Если же исходить из худшего, то есть из худшего для Раканов, он — признанный сопредельными державами и Агарисом монарх, связанный кровными узами и многочисленными договорами с династическими домами Золотых земель. В этом случае Оллар тем более вне юрисдикции Альдо Ракана. Я уж молчу о том, что древние кодексы не предусматривают никаких мер на предмет узурпации за пределами августейшего семейства, зачем запрещать то, что попросту невозможно? Вот насчет мятежников там сказано предостаточно.
Не хочу оказаться дурным пророком, но, если вы когда-нибудь окажетесь на месте герцога Алва, ваш защитник должен сделать все возможное, чтоб вас судили по более поздним законам.
— Постараюсь, — пообещал Эпинэ, чувствуя спиной неприятный холодок. — А что думали о мятежниках в Гальтаре?

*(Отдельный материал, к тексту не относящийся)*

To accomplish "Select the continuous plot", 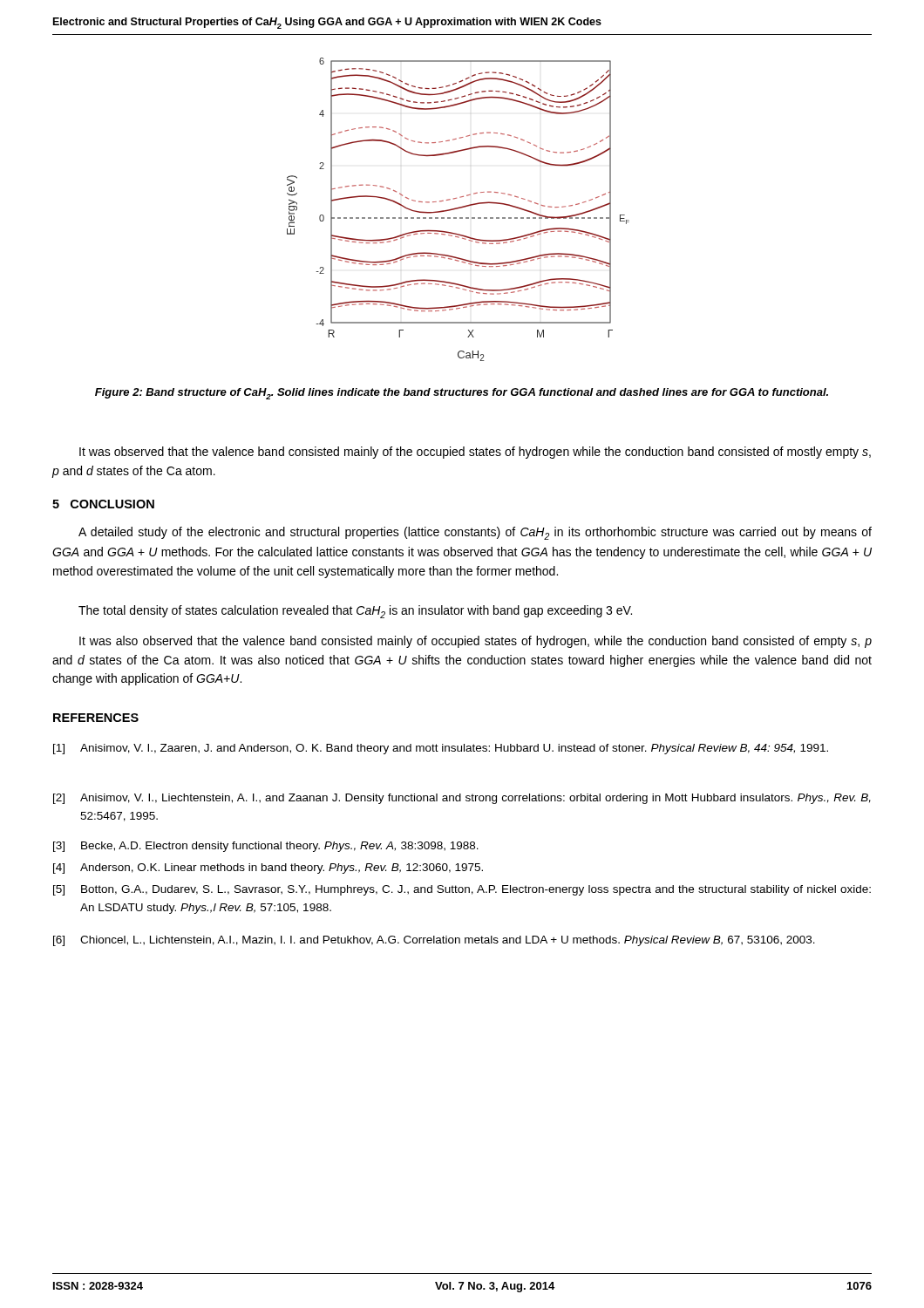I will coord(462,209).

— О, — показал крепкие зубы адвокат, — при анаксах и первых императорах любое, сколь угодно правое, вооруженное выступление сначала давили, а потом разбирались. При этом в позднегальтарский период случалось, что мятежи поднимали с одной-единственной целью — привлечь внимание анакса к безобразиям в провинциях. Пару раз это себя оправдало: виновным оторвали головы, но их требования удовлетворили. В последнем особенно преуспел сын Эрнани Святого Анэсти Гранит. С благословения святого Адриана, разумеется.
— Значит, измена законному государю каралась смертью и только смертью, — кивнул Робер. — Что ж, я так и думал.
— Измена законному государю? — юрист страдальчески вздохнул. — Мой герцог, такой статьи в законах анаксии не было и быть не могло. Измена государству место имела, а измена личности монарха — нет. Разумеется, речь шла о монархе действующем, но таковым в нашем случае является Фердинанд, а ему изменил кто угодно, но не Алва.
Таким образом, мы вновь упираемся в сравнение статусов и прав Фердинанда Оллара и Альдо Ракана, где обвинители изначально были обречены на полный разгром. Кракл и Феншо в своем усердии не приняли в расчет, что обвиняемый заявит о незаконности притязаний Ракана. Кортней и Фанч-Джаррик умнее, но им пришлось бежать по болоту в чужих сапогах. Вы меня понимаете?